TASK DIRECTIONS =
Once the pictures are removed, restate the data below word for word.
--- START ---
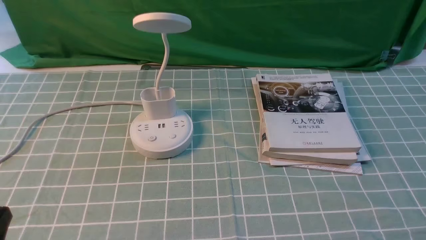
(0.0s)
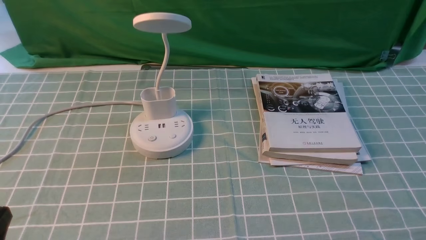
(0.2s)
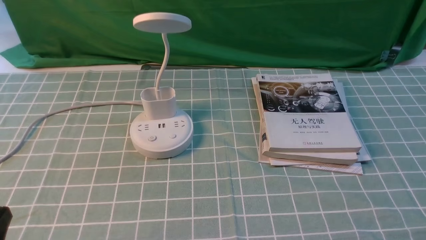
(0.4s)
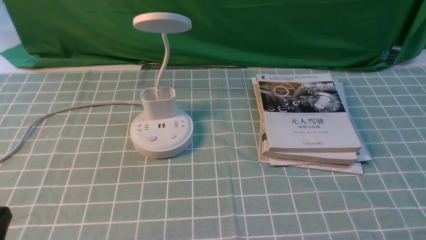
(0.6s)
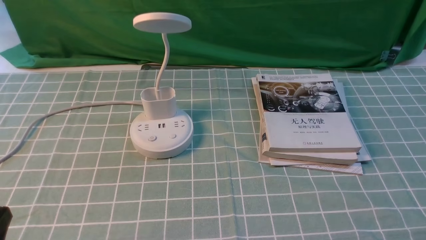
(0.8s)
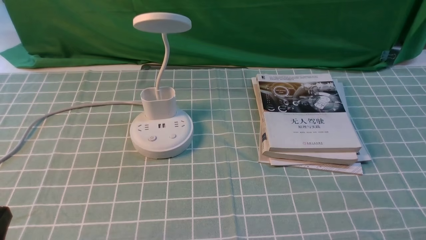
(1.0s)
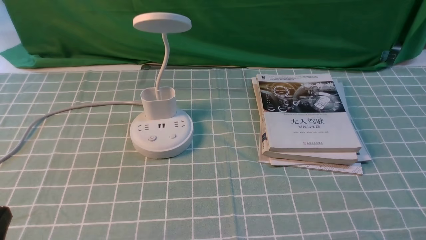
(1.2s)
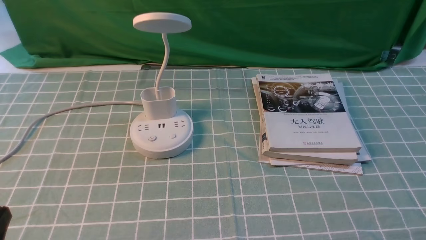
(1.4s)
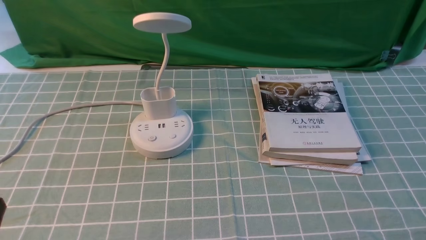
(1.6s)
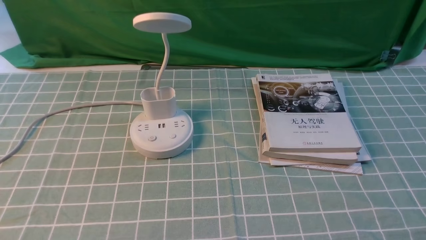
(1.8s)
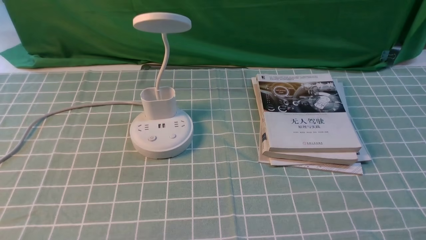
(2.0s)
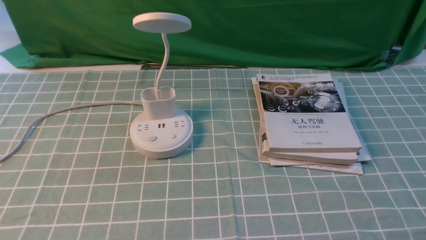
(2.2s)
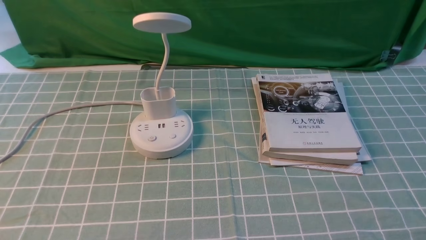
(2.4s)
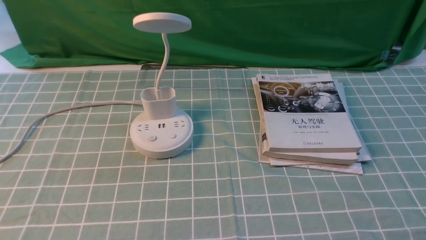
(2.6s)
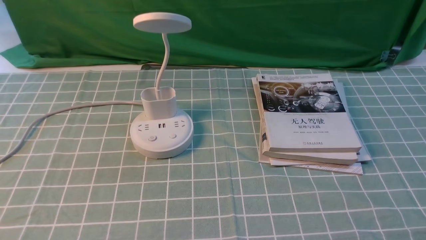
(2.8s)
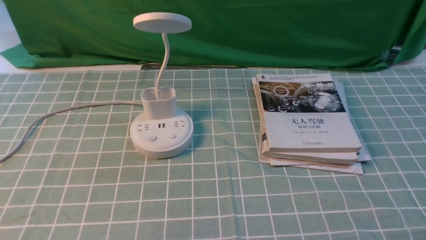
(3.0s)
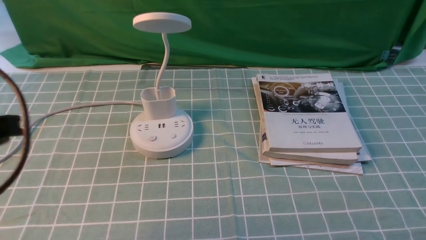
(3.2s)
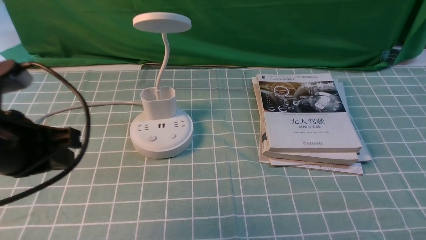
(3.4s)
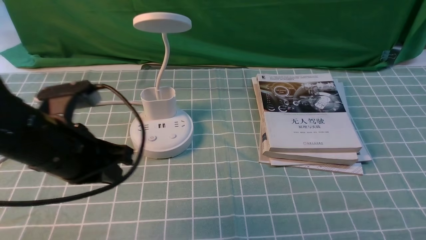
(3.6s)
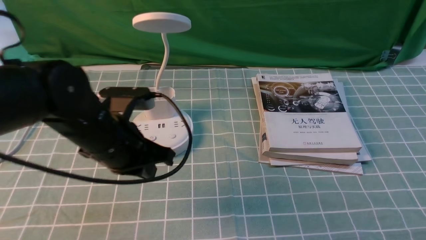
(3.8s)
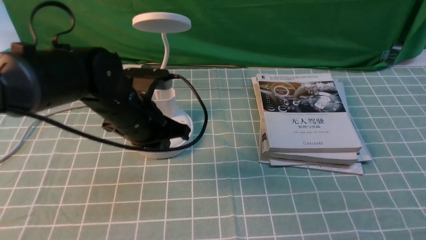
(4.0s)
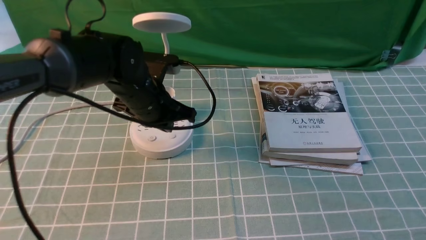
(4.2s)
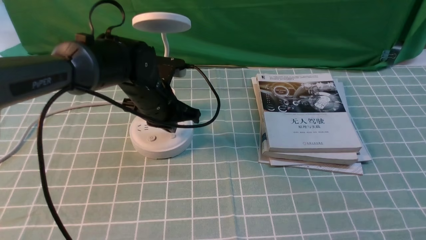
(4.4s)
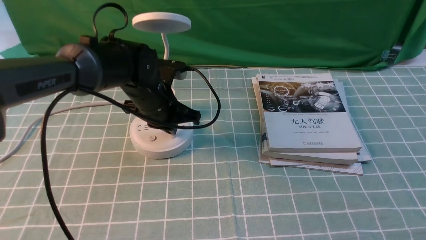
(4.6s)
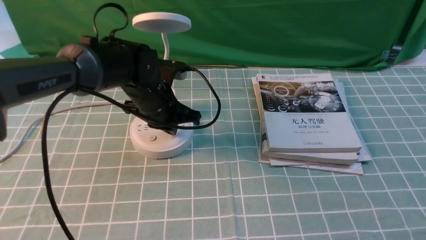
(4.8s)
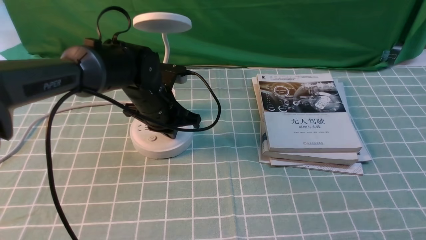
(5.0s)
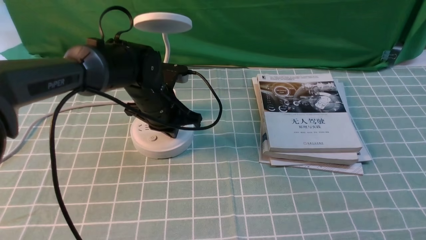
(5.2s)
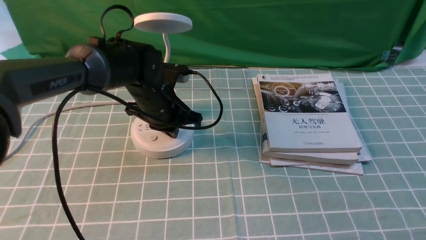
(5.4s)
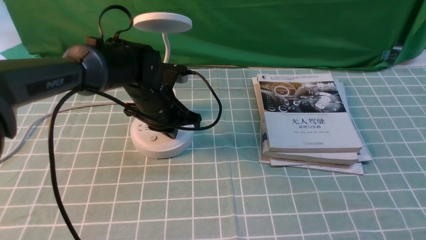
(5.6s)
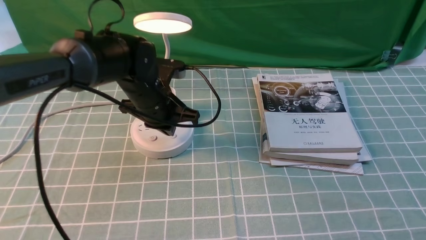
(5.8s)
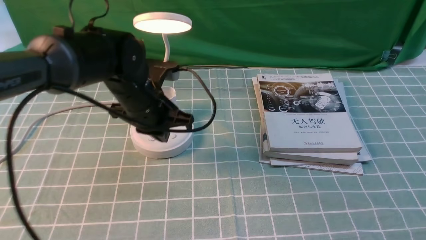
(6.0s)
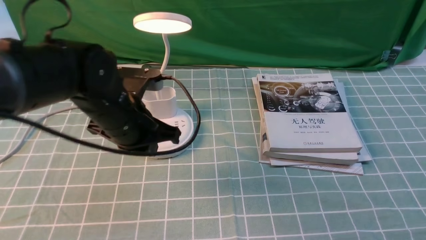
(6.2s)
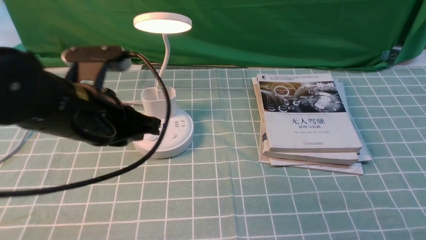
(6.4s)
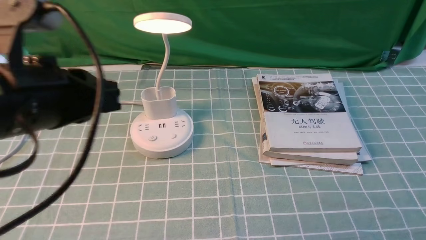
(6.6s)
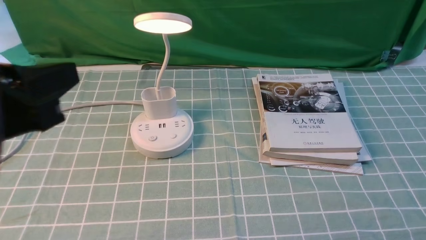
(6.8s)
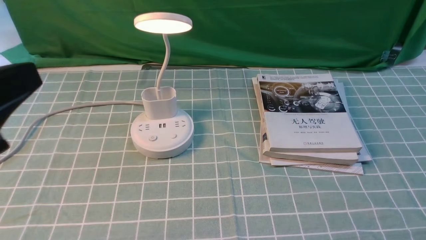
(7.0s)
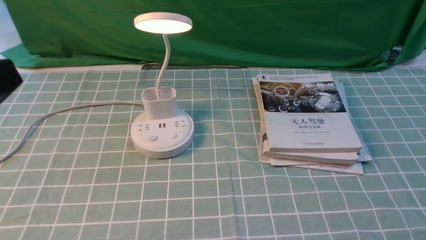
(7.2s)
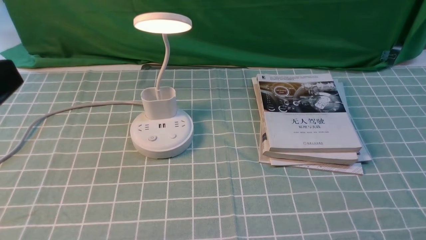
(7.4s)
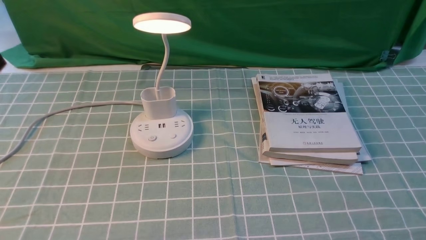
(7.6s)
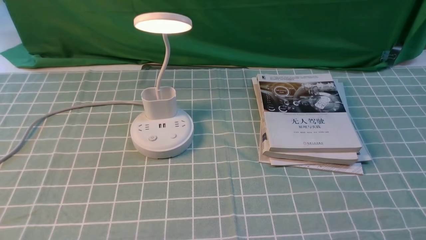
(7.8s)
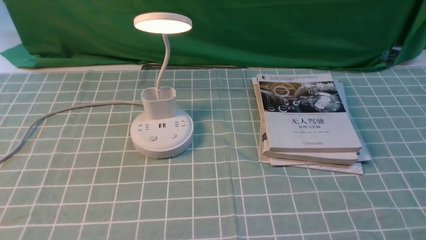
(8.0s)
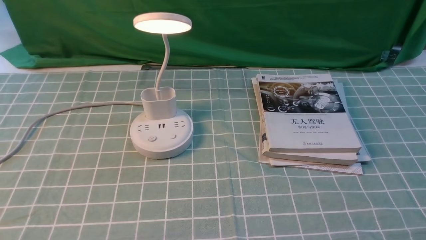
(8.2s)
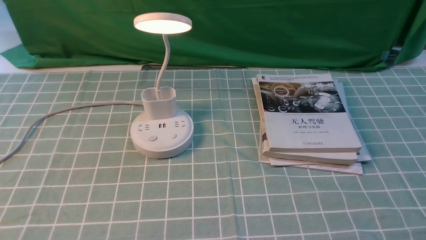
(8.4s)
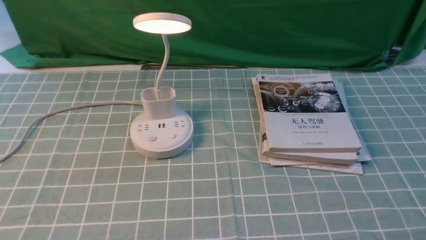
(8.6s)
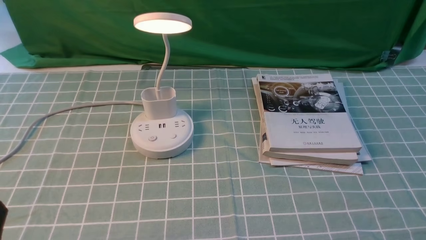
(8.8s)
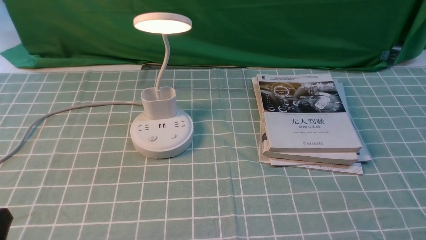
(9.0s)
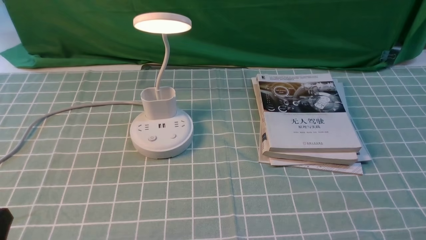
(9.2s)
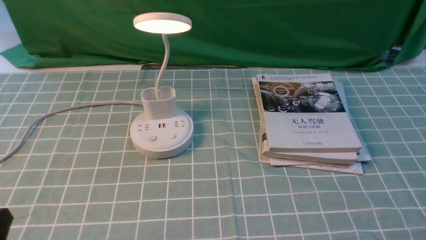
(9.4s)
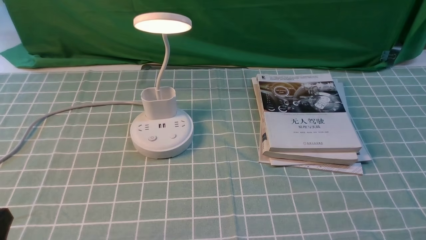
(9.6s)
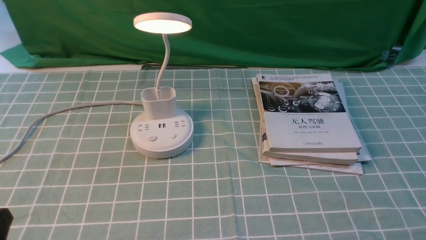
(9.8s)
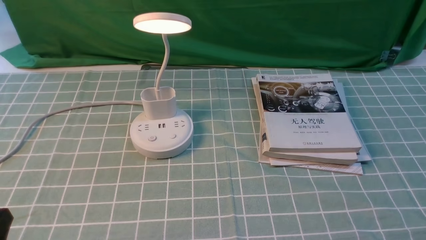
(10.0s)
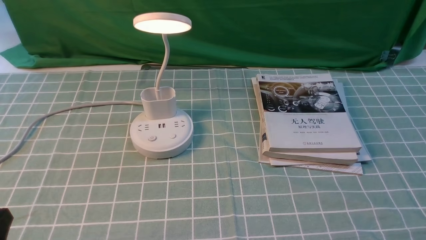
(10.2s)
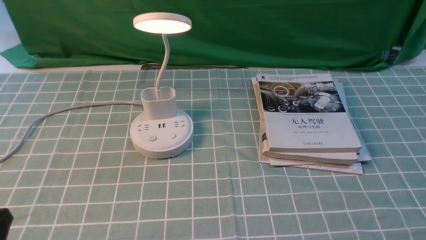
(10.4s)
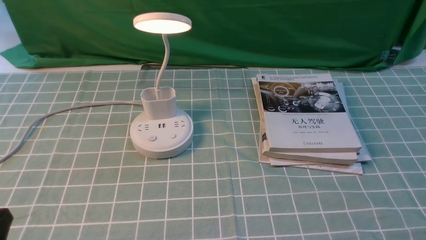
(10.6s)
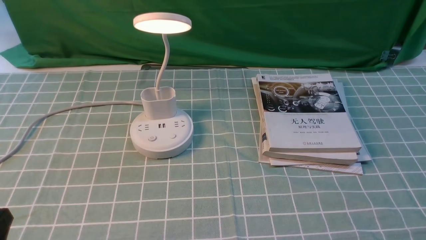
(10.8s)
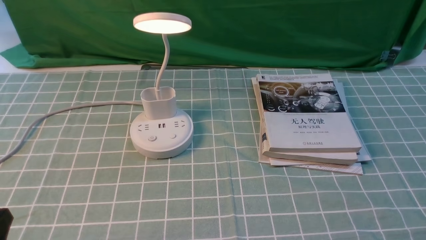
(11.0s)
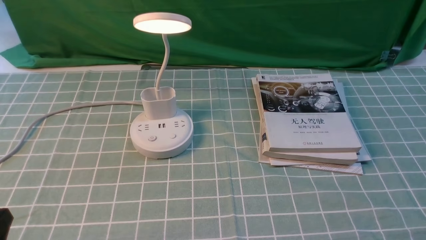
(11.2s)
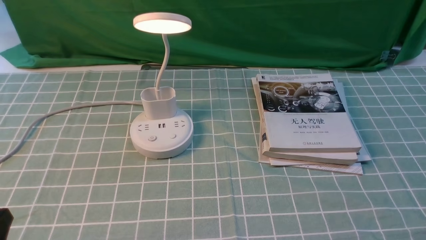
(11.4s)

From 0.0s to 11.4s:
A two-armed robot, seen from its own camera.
Step, from 0.0s to 5.8s: use the left arm to press the button switch on the lamp holder.
From 0.0s to 1.4s: Both grippers stay put.
From 2.8s to 4.2s: The left gripper shifts some 40 cm forward, to the right and downward, and closes up.
From 4.2s to 5.6s: The grippers make only small movements.
From 5.6s to 7.2s: The left gripper is displaced backward, upward and to the left by about 40 cm.
From 7.2s to 8.6s: The left gripper travels downward by approximately 15 cm.
From 10.0s to 11.4s: Neither gripper changes place.
--- END ---
SOLUTION =
(0.0s)
(0.2s)
(0.4s)
(0.6s)
(0.8s)
(1.0s)
(1.2s)
(1.4s)
(1.6s)
(1.8s)
(2.0s)
(2.2s)
(2.4s)
(2.6s)
(2.8s)
(3.0s)
(3.2s)
(3.4s)
(3.6s)
(3.8s)
(4.0s)
(4.2s)
(4.4s)
(4.6s)
(4.8s)
(5.0s)
(5.2s)
(5.4s)
(5.6s)
(5.8s)
(6.0s)
(6.2s)
(6.4s)
(6.6s)
(6.8s)
(7.0s)
(7.2s)
(7.4s)
(7.6s)
(7.8s)
(8.0s)
(8.2s)
(8.4s)
(8.6s)
(8.8s)
(9.0s)
(9.2s)
(9.4s)
(9.6s)
(9.8s)
(10.0s)
(10.2s)
(10.4s)
(10.6s)
(10.8s)
(11.0s)
(11.2s)
(11.4s)

From 0.0s to 11.4s:
A two-armed robot, seen from its own camera.
Step, from 0.0s to 5.8s: use the left arm to press the button switch on the lamp holder.
From 0.0s to 1.4s: Both grippers stay put.
From 2.8s to 4.2s: The left gripper shifts some 40 cm forward, to the right and downward, and closes up.
From 4.2s to 5.6s: The grippers make only small movements.
From 5.6s to 7.2s: The left gripper is displaced backward, upward and to the left by about 40 cm.
From 7.2s to 8.6s: The left gripper travels downward by approximately 15 cm.
From 10.0s to 11.4s: Neither gripper changes place.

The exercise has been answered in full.